### Debug Pattern

1. Edit pattern1 so that it correctly matches all case-insensitive mentions of "Amazon" plus a title-cased proper noun.
2. Edit pattern2 so that it correctly matches all case-insensitive mentions of "ad-free", plus the following noun.

In [1]:
import spacy
from spacy.matcher import Matcher

nlp = spacy.load("en_core_web_sm")
doc = nlp(
    "Twitch Prime, the perks program for Amazon Prime members offering free "
    "loot, games and other benefits, is ditching one of its best features: "
    "ad-free viewing. According to an email sent out to Amazon Prime members "
    "today, ad-free viewing will no longer be included as a part of Twitch "
    "Prime for new members, beginning on September 14. However, members with "
    "existing annual subscriptions will be able to continue to enjoy ad-free "
    "viewing until their subscription comes up for renewal. Those with "
    "monthly subscriptions will have access to ad-free viewing until October 15."
)

# Create the match patterns
pattern1 = [{"LOWER": "Amazon"}, {"IS_TITLE": True, "POS": "PROPN"}]
pattern2 = [{"LOWER": "ad-free"}, {"POS": "NOUN"}]

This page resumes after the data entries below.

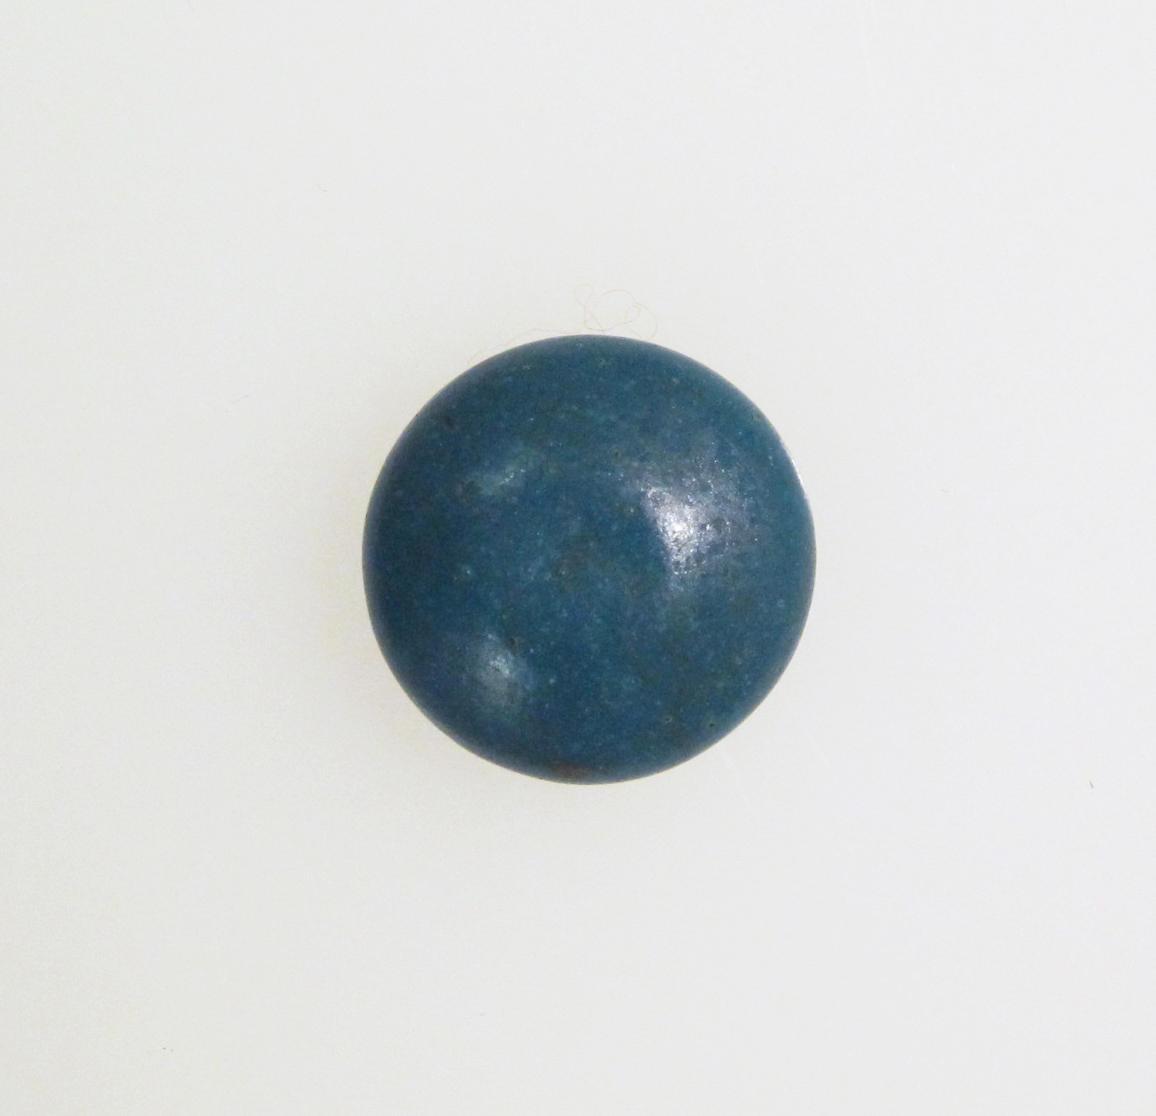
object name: pinhead
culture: roman
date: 100 BCE-500 CE
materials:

# Initialize the Matcher and add the patterns
matcher = Matcher(nlp.vocab)
matcher.add("PATTERN1", None, pattern1)
matcher.add("PATTERN2", None, pattern2)

# Iterate over the matches
for match_id, start, end in matcher(doc):
    # Print pattern string name and text of matched span
    print(doc.vocab.strings[match_id], doc[start:end].text)

# Efficient PArsing

Sometimes it’s more efficient to match exact strings instead of writing patterns describing the individual tokens. This is especially true for finite categories of things – like all countries of the world. We already have a list of countries, so let’s use this as the basis of our information extraction script. A list of string names is available as the variable COUNTRIES.

1. Import the PhraseMatcher and initialize it with the shared vocab as the variable matcher.
2. Add the phrase patterns and call the matcher on the doc.

In [None]:
import json
from spacy.lang.en import English

with open("exercises/countries.json") as f:
    COUNTRIES = json.loads(f.read())

nlp = English()
doc = nlp("Czech Republic may help Slovakia protect its airspace")

# Import the PhraseMatcher and initialize it
from spacy.____ import ____

matcher = ____(____)

# Create pattern Doc objects and add them to the matcher
# This is the faster version of: [nlp(country) for country in COUNTRIES]
patterns = list(nlp.pipe(COUNTRIES))
matcher.add("COUNTRY", None, *patterns)

# Call the matcher on the test document and print the result
matches = ____(____)
print([doc[start:end] for match_id, start, end in matches])

# Extract Relationship

In [None]:
from spacy.lang.en import English
from spacy.matcher import PhraseMatcher
from spacy.tokens import Span
import json

with open("exercises/countries.json") as f:
    COUNTRIES = json.loads(f.read())
with open("exercises/country_text.txt") as f:
    TEXT = f.read()

nlp = English()
matcher = PhraseMatcher(nlp.vocab)
patterns = list(nlp.pipe(COUNTRIES))
matcher.add("COUNTRY", None, *patterns)

# Create a doc and find matches in it
doc = ____

# Iterate over the matches
for match_id, start, end in matcher(doc):
    # Create a Span with the label for "GPE"
    span = ____(____, ____, ____, label=____)

    # Overwrite the doc.ents and add the span
    doc.ents = list(doc.ents) + [____]

    # Get the span's root head token
    span_root_head = ____.____.____
    # Print the text of the span root's head token and the span text
    print(span_root_head.____, "-->", span.text)

# Print the entities in the document
print([(ent.text, ent.label_) for ent in doc.ents if ent.label_ == "GPE"])